Madison Church: Our church as a story of tradition and change

  • Churches of Christ as a Strong Institutional Tradition
    • Congruent Institutions: Church, Family, School, and Society
    • Moral Order
      • Sexual codes included modesty, mixed swimming, & dancing.
    • Authority and Honor
    • Problem: Some People were rejected & hurt because they didn’t fit.
  • An Innovative Leader Open to Change and Growth
    • Ira was a thoughtful change agent: innovative and committed to many changes.
    • A different model for church organization and innovation.
    • Carefully framed change (he challenged racial discrimination).
    • He had harsh critics.
  • A Resistant Leader: Responding to Perceived Dangers
    • Ira’s strong criticism of changes that he saw as threats.
    • Don Finto as problematic for our tradition: he did not fit.
      • Holy Spirit & Small Groups as problems of control.
  • Later Resistance to Change Accelerated and Tensions Increased:
    • Rapid cultural changes, agendas for rapid church change
    • Ruble Shelly as problematic.
    • Escalating Shifts in Youth Culture the Loss of Young People
    • Contemporary Christian Music and Worship

Conclusion: Tradition vs. the Formation of Mature, Christ-centered Character & Community

  • A Church must play an important role in pointing us beyond itself to Jesus.
  • When church as an institutional identity becomes idolatrous.
    • A church-centered definition of being a Christian?
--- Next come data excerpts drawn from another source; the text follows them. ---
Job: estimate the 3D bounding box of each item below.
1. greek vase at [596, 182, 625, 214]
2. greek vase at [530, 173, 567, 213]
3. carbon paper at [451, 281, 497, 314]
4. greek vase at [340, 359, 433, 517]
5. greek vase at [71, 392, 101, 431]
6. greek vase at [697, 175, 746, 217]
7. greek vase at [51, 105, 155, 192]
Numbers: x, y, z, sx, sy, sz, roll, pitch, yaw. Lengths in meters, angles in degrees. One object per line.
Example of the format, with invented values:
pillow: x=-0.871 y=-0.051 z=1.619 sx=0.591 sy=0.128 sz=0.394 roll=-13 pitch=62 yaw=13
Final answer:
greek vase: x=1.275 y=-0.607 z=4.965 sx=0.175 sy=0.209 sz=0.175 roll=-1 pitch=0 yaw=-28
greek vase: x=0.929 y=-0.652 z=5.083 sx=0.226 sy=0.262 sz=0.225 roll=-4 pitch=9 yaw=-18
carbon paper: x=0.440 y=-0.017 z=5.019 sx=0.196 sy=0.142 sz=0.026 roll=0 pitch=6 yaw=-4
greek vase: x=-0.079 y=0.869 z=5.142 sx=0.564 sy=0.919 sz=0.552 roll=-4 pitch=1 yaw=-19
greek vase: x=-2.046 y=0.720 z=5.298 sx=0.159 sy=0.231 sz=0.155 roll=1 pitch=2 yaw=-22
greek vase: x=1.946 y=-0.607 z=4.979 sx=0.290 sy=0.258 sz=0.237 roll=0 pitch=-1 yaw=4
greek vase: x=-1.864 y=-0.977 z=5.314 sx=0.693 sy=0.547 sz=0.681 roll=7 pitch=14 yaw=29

The church as a defining institution in your life can become problematic if it becomes more important than knowing and following Jesus.
    • Congregational pride cuts us off from other Christians.
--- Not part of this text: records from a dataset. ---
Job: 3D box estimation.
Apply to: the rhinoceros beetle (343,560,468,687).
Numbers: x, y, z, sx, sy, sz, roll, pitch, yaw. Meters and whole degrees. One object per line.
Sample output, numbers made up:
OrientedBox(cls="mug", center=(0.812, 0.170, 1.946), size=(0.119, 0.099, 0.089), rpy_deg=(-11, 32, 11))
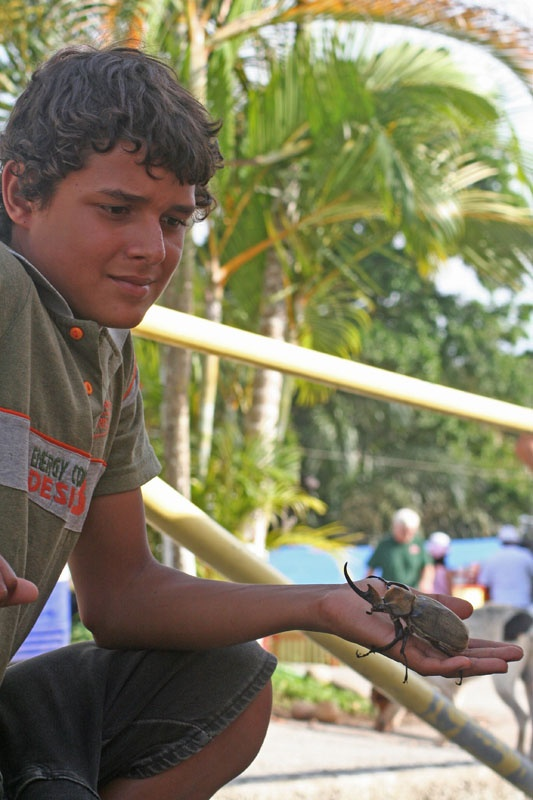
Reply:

    • Branding and Competition: Growing a church at the expense of other churches.
    • When institutional maintenance becomes more important than reaching the people that Jesus loves and for whom he died.
  • The Spirit, Scripture, & New Experiences can open your mind & heart.
    • Is protection of a tradition more important than following Jesus?
    • Institutional leaders & individuals, be aware of pride.
      • Change is not always progress! Staying the same does not always honor Jesus!
      • Blindness to personal mistakes and bad turns!
    • Seeing God at work in unexpected places, even in places that do not fit my identity.